Presentes na sessão, entre outros convidados, como o ministro Adjunto, Eduardo Cabrita, estavam o presidente da federação mundial de termalismo e climatologia, a presidente da associação europeia dos clientes termais, o presidente de associação europeia das termas e presidente da associação europeia das cidades termais.
A ocasião foi aproveitada para o presidente da Câmara discursar, começando por lembrar que “o 15 de maio era o dia em que o Hospital Termal abria a portas aos seus utentes”.
Nos últimos anos a falta de manutenções e investimentos do Estado para manter as Termas em funcionamento levaram ao seu encerramento em 2013 devido à presença de uma bactéria. Mas em dezembro de 2015 transferiu o património por 70 anos para a Câmara, que começou a fazer obras necessárias para reabrir de forma faseada até 2019.
Foram substituídos todos os equipamentos no compartimento técnico do hospital e foi também substituída a rede de distribuição de água termal. Foram executados os melhoramentos das quatro casetas de proteção aos furos das captações. Foram ainda adquiridas novas bombas para os furos e feitas as inspeções dos furos a manter em exploração. Foi igualmente instalado um reservatório de armazenamento de água termal, com 15 mil litros de capacidade. Está a ser trocada toda a canalização por tubos aço inox, que permitirão a execução de desinfeções com água a 80 graus centígrados.
“Estamos a trabalhar para uma abertura faseada do Hospital Termal. O Município tem a noção que não tem a vocação para desenvolver a atividade termal, e tendo a preocupação de que seja possível de ser usufruída por aqueles que não têm capacidade de pagar, na íntegra, os tratamentos, a Câmara e a Assembleia Municipal aprovaram que a atividade termal seria desenvolvida por uma entidade de cariz social que não tivesse por objetivo o lucro e por isso estamos em negociações com uma instituição particular de solidariedade social com experiência na área da saúde – o Montepio Rainha D. Leonor”, afirmou Tinta Ferreira.

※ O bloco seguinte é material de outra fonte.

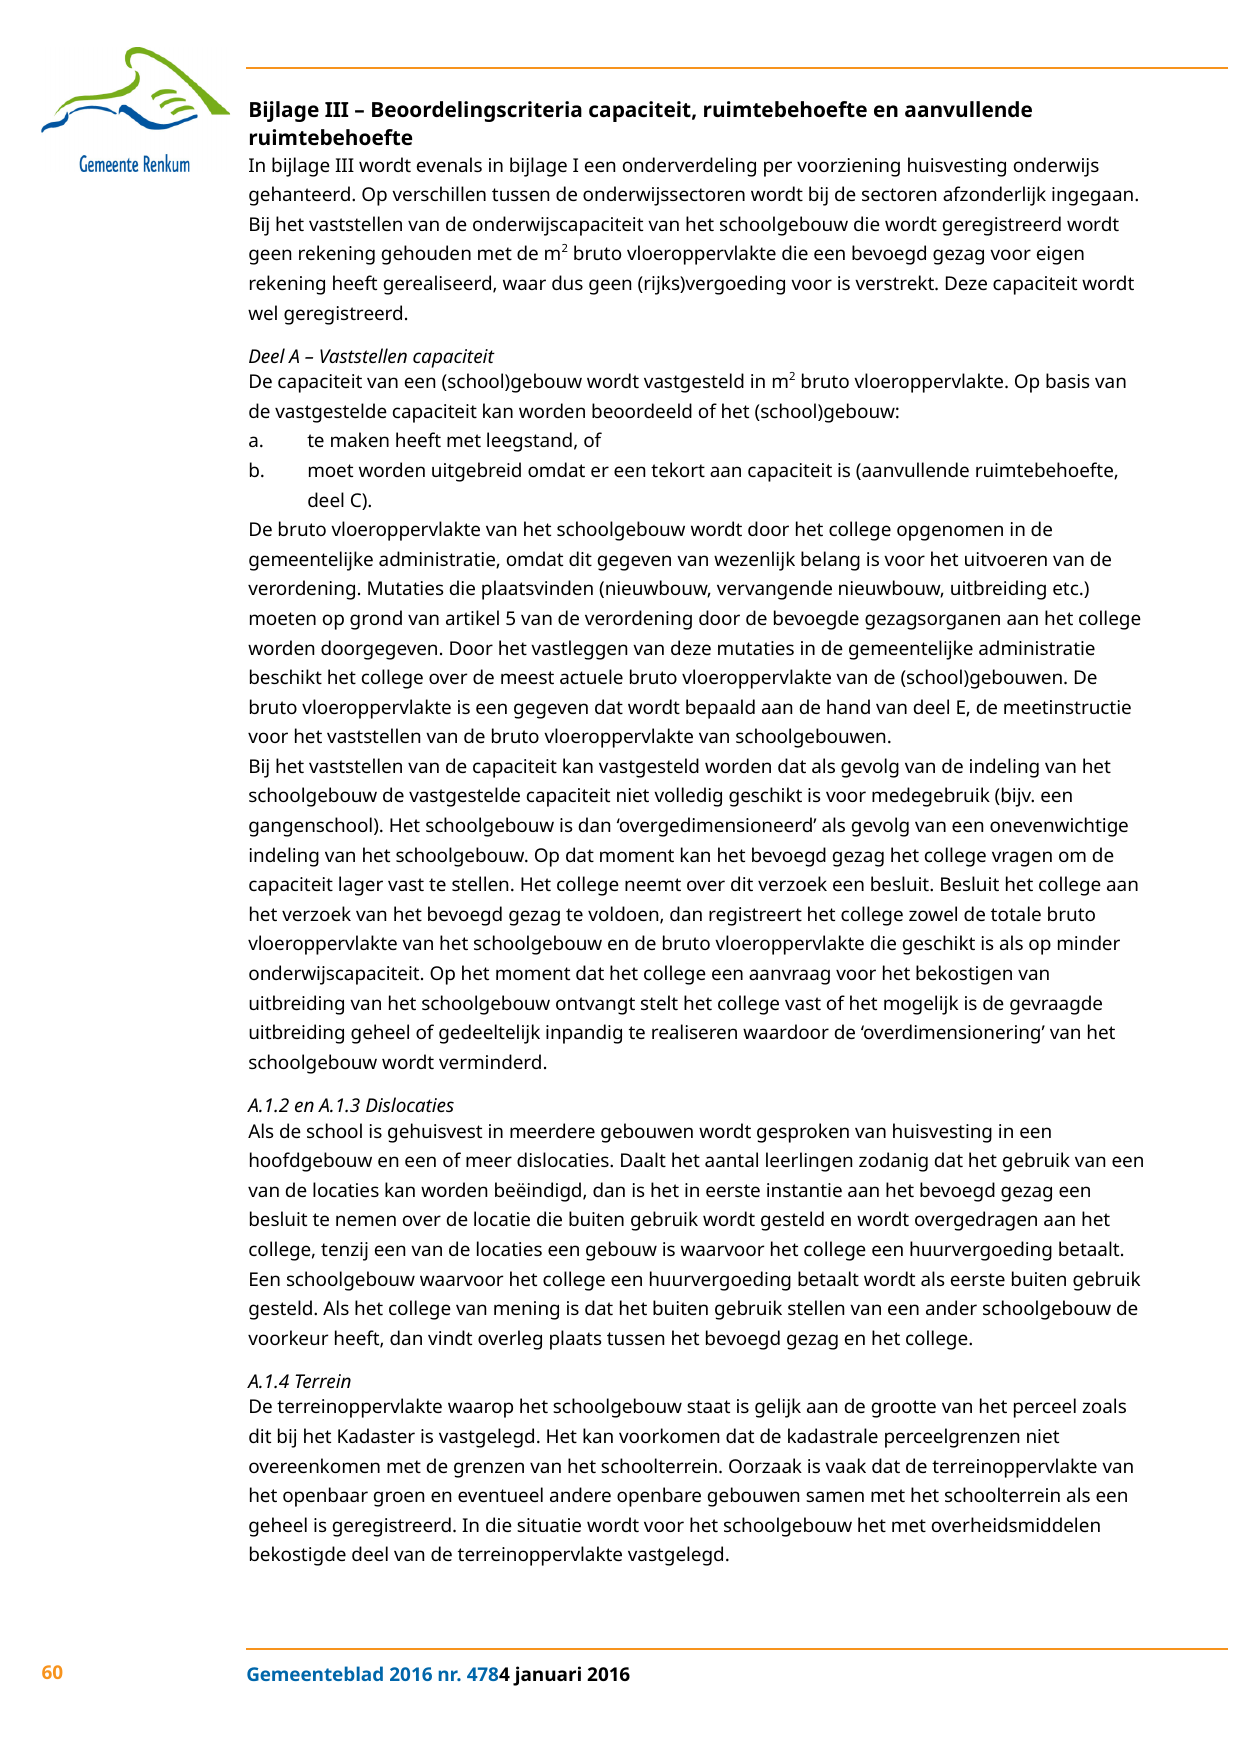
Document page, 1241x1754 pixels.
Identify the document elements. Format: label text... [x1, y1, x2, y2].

list moet worden uitgebreid omdat er een tekort aan capaciteit is (aanvullende ruimtebehoefte, deel C). [248, 457, 1152, 513]
text Deel A – Vaststellen capaciteit [248, 343, 1152, 368]
text Bijlage III – Beoordelingscriteria capaciteit, ruimtebehoefte en aanvullende ruimtebehoefte [248, 95, 1152, 152]
text Bij het vaststellen van de capaciteit kan vastgesteld worden dat als gevolg van de indeling van het schoolgebouw de vastgestelde capaciteit niet volledig geschikt is voor medegebruik (bijv. een gangenschool). Het schoolgebouw is dan ‘overgedimensioneerd’ als gevolg van een onevenwichtige indeling van het schoolgebouw. Op dat moment kan het bevoegd gezag het college vragen om de capaciteit lager vast te stellen. Het college neemt over dit verzoek een besluit. Besluit het college aan het verzoek van het bevoegd gezag te voldoen, dan registreert het college zowel de totale bruto vloeroppervlakte van het schoolgebouw en de bruto vloeroppervlakte die geschikt is als op minder onderwijscapaciteit. Op het moment dat het college een aanvraag voor het bekostigen van uitbreiding van het schoolgebouw ontvangt stelt het college vast of het mogelijk is de gevraagde uitbreiding geheel of gedeeltelijk inpandig te realiseren waardoor de ‘overdimensionering’ van het schoolgebouw wordt verminderd. [248, 753, 1152, 1075]
text Als de school is gehuisvest in meerdere gebouwen wordt gesproken van huisvesting in een hoofdgebouw en een of meer dislocaties. Daalt het aantal leerlingen zodanig dat het gebruik van een van de locaties kan worden beëindigd, dan is het in eerste instantie aan het bevoegd gezag een besluit te nemen over de locatie die buiten gebruik wordt gesteld en wordt overgedragen aan het college, tenzij een van de locaties een gebouw is waarvoor het college een huurvergoeding betaalt. Een schoolgebouw waarvoor het college een huurvergoeding betaalt wordt als eerste buiten gebruik gesteld. Als het college van mening is dat het buiten gebruik stellen van een ander schoolgebouw de voorkeur heeft, dan vindt overleg plaats tussen het bevoegd gezag en het college. [248, 1118, 1152, 1351]
text De capaciteit van een (school)gebouw wordt vastgesteld in m2 bruto vloeroppervlakte. Op basis van de vastgestelde capaciteit kan worden beoordeeld of het (school)gebouw: [248, 368, 1152, 424]
text De terreinoppervlakte waarop het schoolgebouw staat is gelijk aan de grootte van het perceel zoals dit bij het Kadaster is vastgelegd. Het kan voorkomen dat de kadastrale perceelgrenzen niet overeenkomen met de grenzen van het schoolterrein. Oorzaak is vaak dat de terreinoppervlakte van het openbaar groen en eventueel andere openbare gebouwen samen met het schoolterrein als een geheel is geregistreerd. In die situatie wordt voor het schoolgebouw het met overheidsmiddelen bekostigde deel van de terreinoppervlakte vastgelegd. [248, 1394, 1152, 1567]
text Bij het vaststellen van de onderwijscapaciteit van het schoolgebouw die wordt geregistreerd wordt geen rekening gehouden met de m2 bruto vloeroppervlakte die een bevoegd gezag voor eigen rekening heeft gerealiseerd, waar dus geen (rijks)vergoeding voor is verstrekt. Deze capaciteit wordt wel geregistreerd. [248, 211, 1152, 325]
text A.1.2 en A.1.3 Dislocaties [248, 1092, 1152, 1118]
text In bijlage III wordt evenals in bijlage I een onderverdeling per voorziening huisvesting onderwijs gehanteerd. Op verschillen tussen de onderwijssectoren wordt bij de sectoren afzonderlijk ingegaan. [248, 152, 1152, 207]
text De bruto vloeroppervlakte van het schoolgebouw wordt door het college opgenomen in de gemeentelijke administratie, omdat dit gegeven van wezenlijk belang is voor het uitvoeren van de verordening. Mutaties die plaatsvinden (nieuwbouw, vervangende nieuwbouw, uitbreiding etc.) moeten op grond van artikel 5 van de verordening door de bevoegde gezagsorganen aan het college worden doorgegeven. Door het vastleggen van deze mutaties in de gemeentelijke administratie beschikt het college over de meest actuele bruto vloeroppervlakte van de (school)gebouwen. De bruto vloeroppervlakte is een gegeven dat wordt bepaald aan de hand van deel E, de meetinstructie voor het vaststellen van de bruto vloeroppervlakte van schoolgebouwen. [248, 516, 1152, 749]
text A.1.4 Terrein [248, 1368, 1152, 1394]
picture [41, 47, 231, 172]
list te maken heeft met leegstand, of [248, 428, 1152, 453]

“Teremos condições para reabrir o Hospital e proporcionar condições melhores para usufruir dos tratamentos”, manifestou, e evocando que a água “é um medicamento não invasivo”, apelou ao Governo que comparticipe os tratamentos termais, o que está a ser negociado pela Associação de Termas de Portugal.
O ministro Adjunto revelou que os ministérios da Saúde e da Economia estão a estudar soluções conjuntas para o termalismo, mas recusou adiantar se os tratamentos termais vão voltar a ser comparticipados, como chegaram a ser no âmbito do Serviço Nacional de Saúde.
“Num quadro [orçamental] exigente estamos atentos ao papel que o termalismo tem no turismo e na saúde”, disse Eduardo Cabrita, assegurando que os respetivos ministérios “encontrarão a solução mais adequada para este setor” no âmbito da preparação do próximo Orçamento do Estado.
O membro do Governo realçou a afirmação da competitividade local que a água termal proporciona, em contraste com “tempos de menor brilho e em muitos locais de alguma decadência”, correspondendo a “uma ideia antiquada de turismo”.
“Esse tempo mudou”, indicou o ministro, para quem “o termalismo renasceu” associado “a um desafio global”, na área da saúde e do bem-estar e, no caso das Caldas da Rainha, a uma recuperação patrimonial que vai ao encontro do “processo profundo de descentralização” que está a ser desenvolvido pelo Governo. Segundo sustento, as autarquias locais são quem “tem melhores condições” para a recuperação dos equipamentos públicos abandonados ou em degradação, elogiando, por isso, a autarquia caldense por ter aceite a cedência do hospital termal.